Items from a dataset
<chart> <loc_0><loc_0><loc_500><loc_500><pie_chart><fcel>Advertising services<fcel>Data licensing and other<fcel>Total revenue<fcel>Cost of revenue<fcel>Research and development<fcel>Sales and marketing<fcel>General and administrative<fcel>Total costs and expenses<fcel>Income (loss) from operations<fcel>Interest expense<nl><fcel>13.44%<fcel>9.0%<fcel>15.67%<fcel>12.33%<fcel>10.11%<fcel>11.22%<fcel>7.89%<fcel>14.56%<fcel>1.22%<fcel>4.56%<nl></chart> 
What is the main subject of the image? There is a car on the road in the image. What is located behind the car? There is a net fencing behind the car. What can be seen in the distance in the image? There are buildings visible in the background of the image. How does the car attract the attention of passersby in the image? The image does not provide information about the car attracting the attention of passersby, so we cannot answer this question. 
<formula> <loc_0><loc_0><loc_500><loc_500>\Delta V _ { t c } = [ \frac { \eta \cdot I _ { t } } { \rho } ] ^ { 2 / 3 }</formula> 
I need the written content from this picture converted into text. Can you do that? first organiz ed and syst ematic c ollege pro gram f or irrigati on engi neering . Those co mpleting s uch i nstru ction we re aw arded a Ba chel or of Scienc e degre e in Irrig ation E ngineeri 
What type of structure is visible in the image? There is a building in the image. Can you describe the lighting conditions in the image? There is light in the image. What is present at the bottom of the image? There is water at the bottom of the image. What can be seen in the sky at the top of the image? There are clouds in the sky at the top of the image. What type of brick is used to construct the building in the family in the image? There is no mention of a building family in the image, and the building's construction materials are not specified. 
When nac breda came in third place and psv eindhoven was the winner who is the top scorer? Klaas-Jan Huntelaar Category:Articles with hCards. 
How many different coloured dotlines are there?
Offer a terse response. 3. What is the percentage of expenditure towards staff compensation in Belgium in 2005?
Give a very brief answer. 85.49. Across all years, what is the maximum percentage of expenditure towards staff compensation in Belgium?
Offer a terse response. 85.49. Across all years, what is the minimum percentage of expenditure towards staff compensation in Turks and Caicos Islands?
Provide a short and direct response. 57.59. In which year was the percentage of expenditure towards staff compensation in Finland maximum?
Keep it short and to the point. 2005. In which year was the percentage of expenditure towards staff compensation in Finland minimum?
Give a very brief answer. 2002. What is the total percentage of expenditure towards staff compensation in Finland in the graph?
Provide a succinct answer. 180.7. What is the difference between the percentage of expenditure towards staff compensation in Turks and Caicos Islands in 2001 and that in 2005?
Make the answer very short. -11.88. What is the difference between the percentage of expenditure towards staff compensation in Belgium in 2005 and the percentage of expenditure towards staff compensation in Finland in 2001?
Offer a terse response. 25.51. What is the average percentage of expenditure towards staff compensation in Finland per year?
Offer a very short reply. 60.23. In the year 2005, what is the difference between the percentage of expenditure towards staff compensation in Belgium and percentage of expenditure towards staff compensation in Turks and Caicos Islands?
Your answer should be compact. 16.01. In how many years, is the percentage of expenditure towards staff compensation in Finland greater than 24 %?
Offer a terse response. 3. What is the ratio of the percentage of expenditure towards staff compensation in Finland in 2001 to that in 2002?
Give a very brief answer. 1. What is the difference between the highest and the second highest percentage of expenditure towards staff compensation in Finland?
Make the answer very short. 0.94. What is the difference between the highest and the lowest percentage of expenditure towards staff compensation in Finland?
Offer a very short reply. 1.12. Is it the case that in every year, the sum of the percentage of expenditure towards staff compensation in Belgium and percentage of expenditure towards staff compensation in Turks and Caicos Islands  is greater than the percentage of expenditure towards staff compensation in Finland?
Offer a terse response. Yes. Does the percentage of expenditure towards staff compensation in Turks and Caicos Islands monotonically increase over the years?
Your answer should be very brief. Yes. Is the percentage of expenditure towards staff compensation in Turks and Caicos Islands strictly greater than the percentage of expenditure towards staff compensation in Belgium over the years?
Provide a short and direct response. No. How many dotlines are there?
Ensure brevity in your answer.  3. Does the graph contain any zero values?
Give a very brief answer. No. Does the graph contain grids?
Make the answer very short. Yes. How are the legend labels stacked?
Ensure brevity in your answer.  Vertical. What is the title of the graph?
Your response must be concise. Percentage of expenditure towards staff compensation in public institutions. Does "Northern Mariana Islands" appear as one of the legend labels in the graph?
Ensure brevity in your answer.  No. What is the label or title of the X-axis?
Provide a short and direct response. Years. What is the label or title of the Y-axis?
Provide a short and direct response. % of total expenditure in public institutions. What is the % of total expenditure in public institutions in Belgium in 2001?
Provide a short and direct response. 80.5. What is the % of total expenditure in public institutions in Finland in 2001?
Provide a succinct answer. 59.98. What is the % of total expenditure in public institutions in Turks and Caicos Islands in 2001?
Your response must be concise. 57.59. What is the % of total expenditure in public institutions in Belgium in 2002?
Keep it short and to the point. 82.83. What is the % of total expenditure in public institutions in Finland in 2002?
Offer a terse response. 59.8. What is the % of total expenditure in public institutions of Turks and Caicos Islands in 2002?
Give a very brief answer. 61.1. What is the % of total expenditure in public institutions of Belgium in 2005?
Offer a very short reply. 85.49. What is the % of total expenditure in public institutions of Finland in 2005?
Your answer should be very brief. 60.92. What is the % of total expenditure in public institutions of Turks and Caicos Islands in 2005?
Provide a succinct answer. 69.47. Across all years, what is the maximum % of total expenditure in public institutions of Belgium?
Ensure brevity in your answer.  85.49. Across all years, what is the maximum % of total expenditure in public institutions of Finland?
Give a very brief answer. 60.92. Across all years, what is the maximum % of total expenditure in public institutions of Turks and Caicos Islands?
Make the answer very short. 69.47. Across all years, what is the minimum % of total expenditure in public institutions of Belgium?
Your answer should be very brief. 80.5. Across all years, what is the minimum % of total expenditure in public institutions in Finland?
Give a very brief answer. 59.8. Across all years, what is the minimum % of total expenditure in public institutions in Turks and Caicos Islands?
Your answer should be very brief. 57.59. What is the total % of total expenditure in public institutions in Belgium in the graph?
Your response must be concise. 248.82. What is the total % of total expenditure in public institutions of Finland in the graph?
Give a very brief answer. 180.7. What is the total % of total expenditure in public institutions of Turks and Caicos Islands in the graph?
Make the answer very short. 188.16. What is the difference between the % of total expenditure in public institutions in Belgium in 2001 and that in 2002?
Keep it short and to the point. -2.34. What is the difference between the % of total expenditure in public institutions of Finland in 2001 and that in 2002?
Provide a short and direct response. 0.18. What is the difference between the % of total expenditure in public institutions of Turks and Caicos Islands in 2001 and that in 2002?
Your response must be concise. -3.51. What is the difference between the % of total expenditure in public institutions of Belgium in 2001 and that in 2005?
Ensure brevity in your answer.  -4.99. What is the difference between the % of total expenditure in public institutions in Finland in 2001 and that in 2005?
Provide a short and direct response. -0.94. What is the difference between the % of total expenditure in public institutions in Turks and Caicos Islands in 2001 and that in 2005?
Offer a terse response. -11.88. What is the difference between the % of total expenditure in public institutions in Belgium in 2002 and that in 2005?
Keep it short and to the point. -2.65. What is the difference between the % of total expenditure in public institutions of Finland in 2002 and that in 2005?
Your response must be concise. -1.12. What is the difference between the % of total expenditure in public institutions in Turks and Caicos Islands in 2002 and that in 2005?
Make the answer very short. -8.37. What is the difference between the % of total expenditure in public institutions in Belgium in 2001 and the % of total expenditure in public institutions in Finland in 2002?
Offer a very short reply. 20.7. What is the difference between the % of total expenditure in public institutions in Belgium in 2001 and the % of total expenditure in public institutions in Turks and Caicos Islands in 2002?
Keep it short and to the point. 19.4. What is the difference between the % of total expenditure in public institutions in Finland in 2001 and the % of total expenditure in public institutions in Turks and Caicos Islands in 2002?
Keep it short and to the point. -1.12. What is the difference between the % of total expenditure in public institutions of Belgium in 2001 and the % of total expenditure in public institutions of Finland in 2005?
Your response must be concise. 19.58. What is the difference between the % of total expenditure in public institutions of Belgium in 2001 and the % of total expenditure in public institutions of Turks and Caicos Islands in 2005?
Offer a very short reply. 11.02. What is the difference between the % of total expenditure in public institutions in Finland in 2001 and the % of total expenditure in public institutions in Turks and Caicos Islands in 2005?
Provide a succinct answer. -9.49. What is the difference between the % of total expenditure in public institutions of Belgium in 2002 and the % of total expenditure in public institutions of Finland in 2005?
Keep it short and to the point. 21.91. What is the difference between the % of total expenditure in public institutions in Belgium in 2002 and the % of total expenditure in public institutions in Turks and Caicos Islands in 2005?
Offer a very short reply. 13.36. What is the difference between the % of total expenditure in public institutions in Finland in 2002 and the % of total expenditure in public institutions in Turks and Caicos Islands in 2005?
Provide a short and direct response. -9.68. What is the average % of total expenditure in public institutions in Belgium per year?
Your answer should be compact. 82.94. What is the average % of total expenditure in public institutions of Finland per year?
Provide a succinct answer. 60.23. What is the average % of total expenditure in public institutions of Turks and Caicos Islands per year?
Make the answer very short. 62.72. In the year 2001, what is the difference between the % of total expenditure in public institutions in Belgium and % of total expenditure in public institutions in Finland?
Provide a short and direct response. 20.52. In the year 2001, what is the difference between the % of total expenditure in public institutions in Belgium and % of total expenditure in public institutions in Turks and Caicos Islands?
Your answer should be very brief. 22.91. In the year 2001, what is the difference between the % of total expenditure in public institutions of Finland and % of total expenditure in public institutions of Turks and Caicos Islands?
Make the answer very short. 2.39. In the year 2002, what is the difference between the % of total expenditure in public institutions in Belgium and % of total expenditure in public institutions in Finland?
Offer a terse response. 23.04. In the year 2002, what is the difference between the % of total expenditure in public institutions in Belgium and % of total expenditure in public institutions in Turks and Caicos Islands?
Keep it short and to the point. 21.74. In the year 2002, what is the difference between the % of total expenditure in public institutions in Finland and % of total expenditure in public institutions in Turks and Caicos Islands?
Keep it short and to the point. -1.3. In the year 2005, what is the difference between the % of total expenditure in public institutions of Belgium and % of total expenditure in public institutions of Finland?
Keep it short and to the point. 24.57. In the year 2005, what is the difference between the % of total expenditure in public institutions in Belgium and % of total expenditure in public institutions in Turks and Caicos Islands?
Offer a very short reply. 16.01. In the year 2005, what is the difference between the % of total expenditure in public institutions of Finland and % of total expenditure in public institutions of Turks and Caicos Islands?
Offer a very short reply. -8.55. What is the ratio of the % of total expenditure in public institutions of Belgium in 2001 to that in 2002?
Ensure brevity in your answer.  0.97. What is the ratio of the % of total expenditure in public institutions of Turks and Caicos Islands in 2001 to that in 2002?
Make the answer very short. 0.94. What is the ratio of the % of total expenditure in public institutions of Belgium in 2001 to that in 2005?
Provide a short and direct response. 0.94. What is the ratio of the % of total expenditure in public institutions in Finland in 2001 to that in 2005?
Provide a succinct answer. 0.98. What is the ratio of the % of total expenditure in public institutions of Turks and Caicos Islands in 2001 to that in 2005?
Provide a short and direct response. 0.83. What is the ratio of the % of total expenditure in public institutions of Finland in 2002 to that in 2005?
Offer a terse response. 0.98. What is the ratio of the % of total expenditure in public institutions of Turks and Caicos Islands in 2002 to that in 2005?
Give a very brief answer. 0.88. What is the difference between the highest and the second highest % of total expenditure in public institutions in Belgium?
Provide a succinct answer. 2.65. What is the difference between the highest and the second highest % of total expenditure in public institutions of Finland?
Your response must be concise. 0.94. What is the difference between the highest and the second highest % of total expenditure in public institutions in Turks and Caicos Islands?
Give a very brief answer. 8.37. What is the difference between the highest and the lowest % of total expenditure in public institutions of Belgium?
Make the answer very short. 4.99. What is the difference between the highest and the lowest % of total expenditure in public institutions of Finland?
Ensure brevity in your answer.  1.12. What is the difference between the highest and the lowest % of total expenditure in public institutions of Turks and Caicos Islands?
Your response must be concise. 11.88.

** ACTIVITY **
Scan the data, and report each line that uses the word "over".

** FINAL ANSWER **
Offer a terse response. Yes. Does the percentage of expenditure towards staff compensation in Turks and Caicos Islands monotonically increase over the years?
Your answer should be very brief. Yes. Is the percentage of expenditure towards staff compensation in Turks and Caicos Islands strictly greater than the percentage of expenditure towards staff compensation in Belgium over the years?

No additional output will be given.